According to the eighth aspect of the present invention, since the image shift prohibited area can be designated, it is possible to prevent the image from moving to an unintended position during the image shift.

[Brief description of the drawings]

FIG. 1 is a control block diagram of an image editing apparatus showing an embodiment of the present invention.

FIG. 2 is a block diagram of a digital copying machine.

FIG. 3 is a block diagram of an image processing unit.

FIG. 4 is a layout diagram of an operation unit.

FIG. 5 is a configuration diagram of a liquid crystal display unit included in the operation unit.

FIG. 6 is a layout diagram showing an example of a screen for a blank portion deletion mode.

FIG. 7 is a layout diagram showing another example of a screen for a blank sheet portion deletion mode.

FIG. 8 is a flowchart showing an example of processing contents in a blank page deletion mode.

FIG. 9 is a flowchart showing another example of the processing contents in the blank page deletion mode.

FIG. 10 is a flowchart showing a subroutine for editing on a memory.

FIG. 11 is an explanatory diagram showing an example of tracing a contour line of one pixel set.

FIG. 12 is an explanatory diagram showing directions of contour lines.

FIG. 13 is a chart showing contour line data.

FIG. 14 is an explanatory diagram of coded image determination data.

FIG. 15 is a chart showing positions and sizes of blank paper space portions.

FIG. 16 is an explanatory diagram showing valid image data and a blank space.

FIG. 17 is an explanatory diagram showing a first processing content in a blank portion deletion mode.

FIG. 18 is an explanatory diagram showing a second processing content in a blank sheet portion deletion mode.

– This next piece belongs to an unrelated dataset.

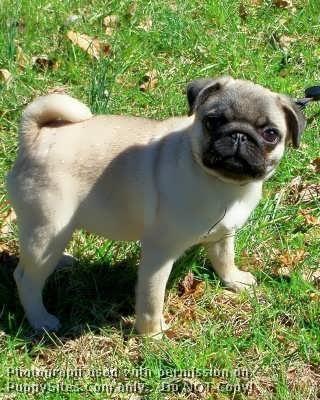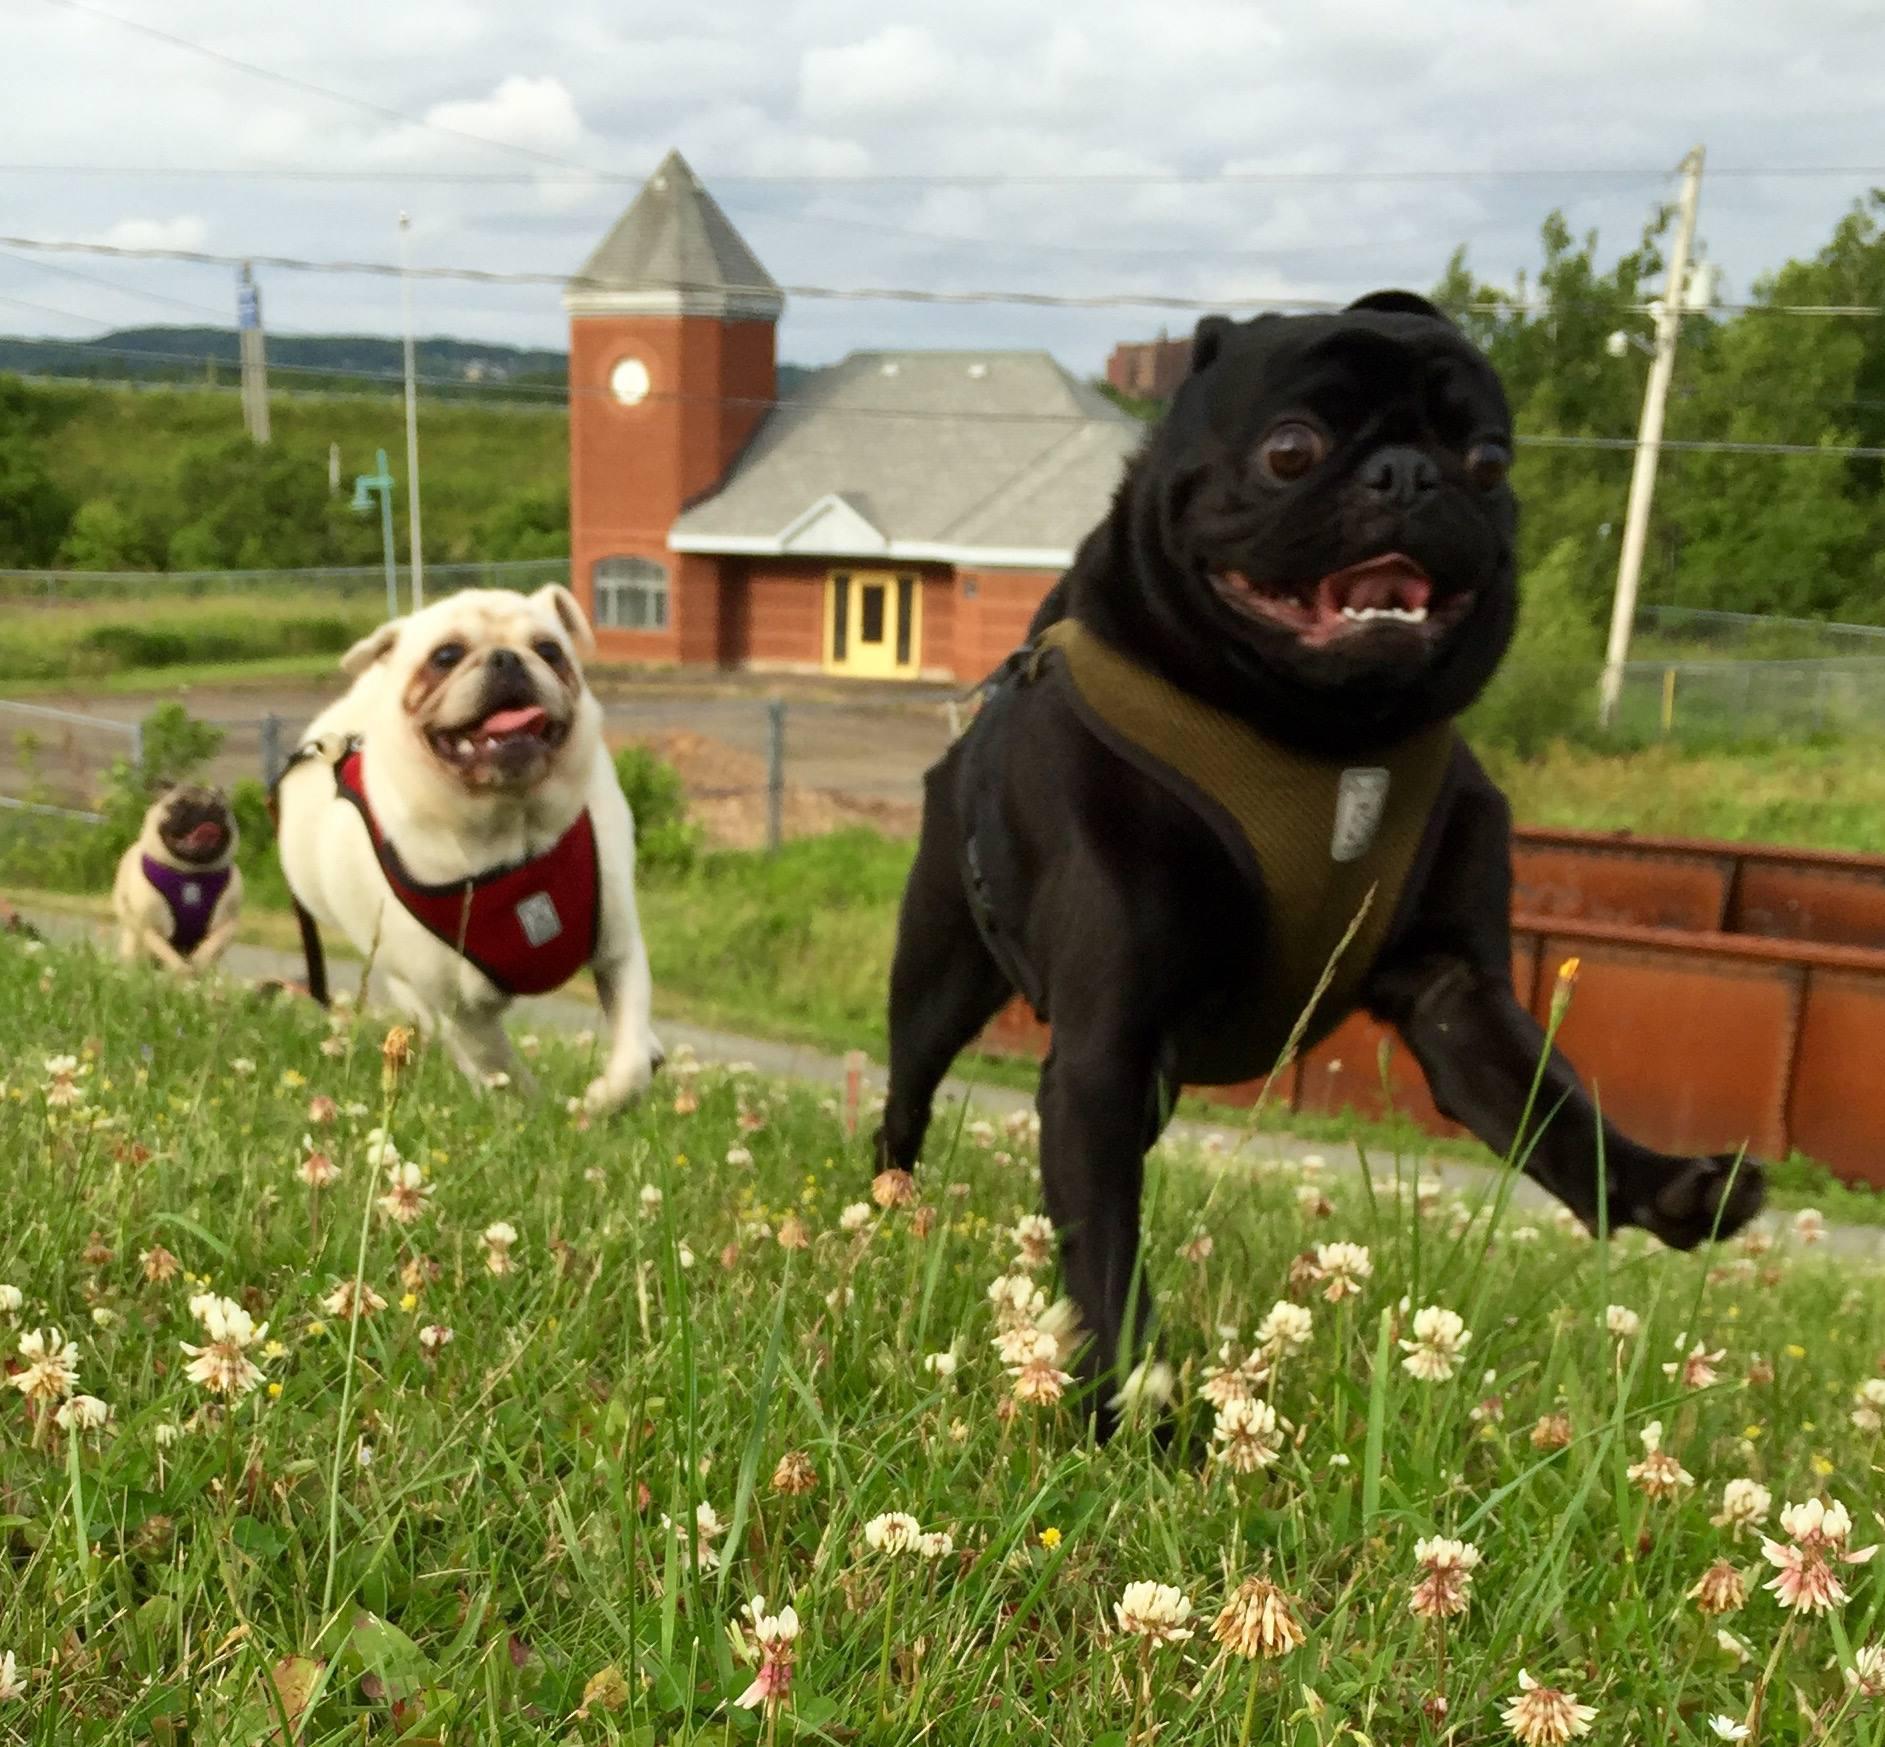The first image is the image on the left, the second image is the image on the right. Considering the images on both sides, is "A dog is running." valid? Answer yes or no. Yes. The first image is the image on the left, the second image is the image on the right. For the images shown, is this caption "The right image contains at least three dogs." true? Answer yes or no. Yes.

FIG. 19 is an explanatory diagram showing a third processing content in the blank sheet portion deletion mode.

[Explanation of symbols]

 1 Scanner 2 Printer Section 3 Operation Section 5 IPU (Image Processing Unit) 13 CPU

Claims (8)

[Claims] 1. An image reading unit for optically reading data of an original image, a storage unit for storing the read data, an image processing unit for processing the stored data, and an image of the processed data on a transfer paper. In an image editing apparatus provided with an image forming means for forming an image, an editing process of storing image data of an original in a storage means, cutting a blank portion of the original image data, and shifting the image data in the direction of the deleted space is performed. An image editing apparatus comprising: a control unit that executes and controls to output edited data. 2. The image editing apparatus according to claim 1,
An image editing apparatus characterized in that a direction in which image data is shifted can be designated as an X axis or a Y axis. 3. The image editing apparatus according to claim 1, wherein the size of the blank sheet portion to be cut can be designated. 4. The image editing apparatus according to claim 1, wherein the size of the space after the blank portion is cut can be set. 5. The image editing apparatus according to claim 1, wherein
The image editing apparatus, wherein the control means determines an optimum transfer paper size from the cut image information size and controls copying of an original image onto the transfer paper. 6. An image reading means for optically reading data of an original image, a storage means for storing the read data, an image processing means for processing the stored data, and an image of the processed data on a transfer paper. In an image editing apparatus provided with an image forming means for forming, while storing the image data of a plurality of originals in the storage means, the blank portion of the original image data is cut and the image data is shifted in the direction of the deleted space. An image editing apparatus, comprising: a control unit that executes an editing process for sequentially shifting and shifting an image of a document to be shifted from a document on the next page and outputting edited data. 7. The image editing apparatus according to claim 6,
An image editing apparatus, comprising: a display unit that displays which image data of a document is the output image data. 8. The image editing apparatus according to claim 6,
An image editing apparatus characterized in that a blank space around a document is used as an image shift prohibited area.